_To do_: A verbatim reproduction of the lines below, from the line containing "sneaker [348,326,612,539]" through the line containing "sneaker [0,173,149,539]", both ends included, is the whole required output.

#### Given entries ####

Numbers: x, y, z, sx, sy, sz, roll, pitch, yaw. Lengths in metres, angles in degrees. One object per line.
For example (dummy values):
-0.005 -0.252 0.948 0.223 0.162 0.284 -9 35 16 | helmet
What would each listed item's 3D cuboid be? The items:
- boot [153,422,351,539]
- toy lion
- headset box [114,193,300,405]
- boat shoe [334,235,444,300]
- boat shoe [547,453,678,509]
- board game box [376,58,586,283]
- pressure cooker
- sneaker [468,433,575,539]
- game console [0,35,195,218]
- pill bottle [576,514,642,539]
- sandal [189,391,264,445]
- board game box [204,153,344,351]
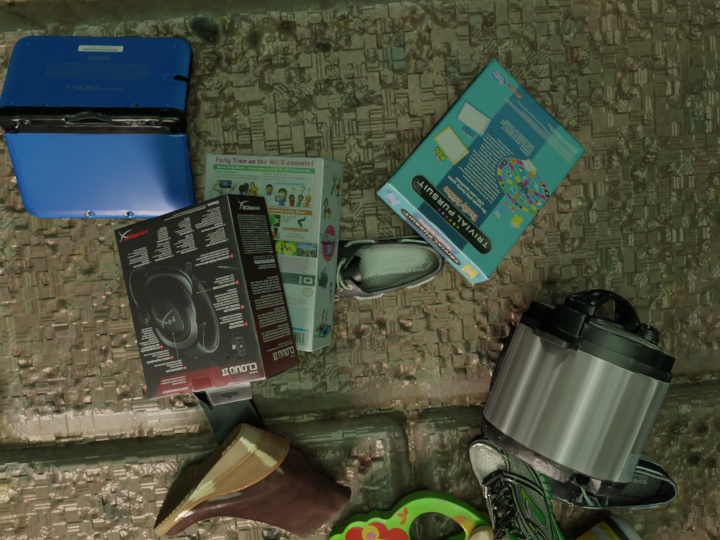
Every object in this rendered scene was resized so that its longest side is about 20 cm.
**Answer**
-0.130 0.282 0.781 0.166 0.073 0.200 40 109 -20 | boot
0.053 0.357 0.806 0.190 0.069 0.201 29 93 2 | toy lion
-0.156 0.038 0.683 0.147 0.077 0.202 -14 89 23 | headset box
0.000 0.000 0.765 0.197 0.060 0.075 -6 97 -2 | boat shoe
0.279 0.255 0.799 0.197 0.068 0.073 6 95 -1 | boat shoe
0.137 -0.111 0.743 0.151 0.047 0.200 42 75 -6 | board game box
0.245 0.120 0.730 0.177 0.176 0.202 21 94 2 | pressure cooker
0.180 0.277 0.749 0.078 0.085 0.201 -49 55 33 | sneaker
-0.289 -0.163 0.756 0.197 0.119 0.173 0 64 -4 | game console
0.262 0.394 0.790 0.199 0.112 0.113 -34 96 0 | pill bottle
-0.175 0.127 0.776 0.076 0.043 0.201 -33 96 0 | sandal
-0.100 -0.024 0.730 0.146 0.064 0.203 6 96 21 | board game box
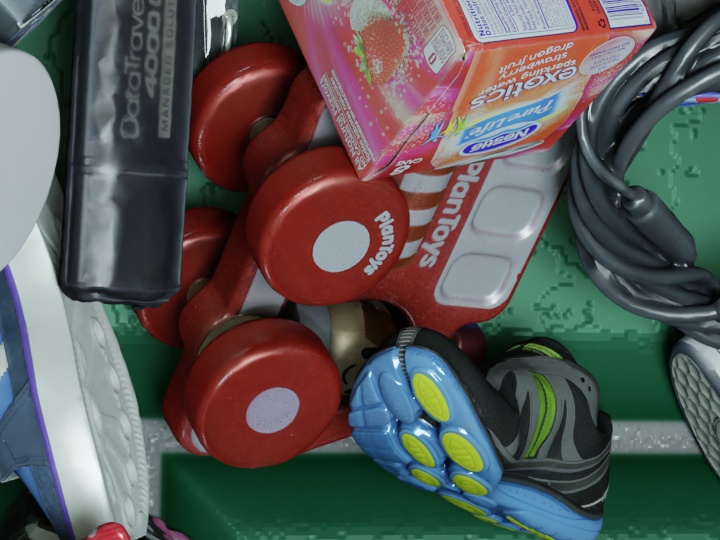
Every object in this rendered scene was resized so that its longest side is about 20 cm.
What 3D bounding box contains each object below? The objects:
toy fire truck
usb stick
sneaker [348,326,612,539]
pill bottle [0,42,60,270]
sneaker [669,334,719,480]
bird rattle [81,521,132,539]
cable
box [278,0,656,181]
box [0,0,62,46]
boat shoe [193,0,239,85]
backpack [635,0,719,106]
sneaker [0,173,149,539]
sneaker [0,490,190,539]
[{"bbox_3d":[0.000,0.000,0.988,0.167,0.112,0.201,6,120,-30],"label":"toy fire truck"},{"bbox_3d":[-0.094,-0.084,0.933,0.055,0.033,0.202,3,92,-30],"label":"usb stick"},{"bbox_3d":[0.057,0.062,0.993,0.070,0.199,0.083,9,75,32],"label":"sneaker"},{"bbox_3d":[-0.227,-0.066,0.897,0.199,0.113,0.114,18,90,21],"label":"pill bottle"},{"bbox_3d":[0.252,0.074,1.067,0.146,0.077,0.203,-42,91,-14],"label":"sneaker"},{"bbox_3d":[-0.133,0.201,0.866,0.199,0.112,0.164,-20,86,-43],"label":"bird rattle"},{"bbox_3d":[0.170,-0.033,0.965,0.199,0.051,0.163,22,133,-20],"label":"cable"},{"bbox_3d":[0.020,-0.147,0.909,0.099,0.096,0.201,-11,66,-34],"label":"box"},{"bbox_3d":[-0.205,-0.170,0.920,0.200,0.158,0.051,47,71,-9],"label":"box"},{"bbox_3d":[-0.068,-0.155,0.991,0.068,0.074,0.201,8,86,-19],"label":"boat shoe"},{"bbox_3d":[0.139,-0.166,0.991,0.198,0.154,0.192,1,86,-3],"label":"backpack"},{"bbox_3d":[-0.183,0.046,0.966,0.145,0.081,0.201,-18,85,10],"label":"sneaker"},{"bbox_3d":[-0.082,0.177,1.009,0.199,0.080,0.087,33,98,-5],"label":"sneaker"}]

####

_Response area_:
sneaker [348,326,612,539]
pill bottle [0,42,60,270]
sneaker [669,334,719,480]
bird rattle [81,521,132,539]
cable
box [278,0,656,181]
box [0,0,62,46]
boat shoe [193,0,239,85]
backpack [635,0,719,106]
sneaker [0,173,149,539]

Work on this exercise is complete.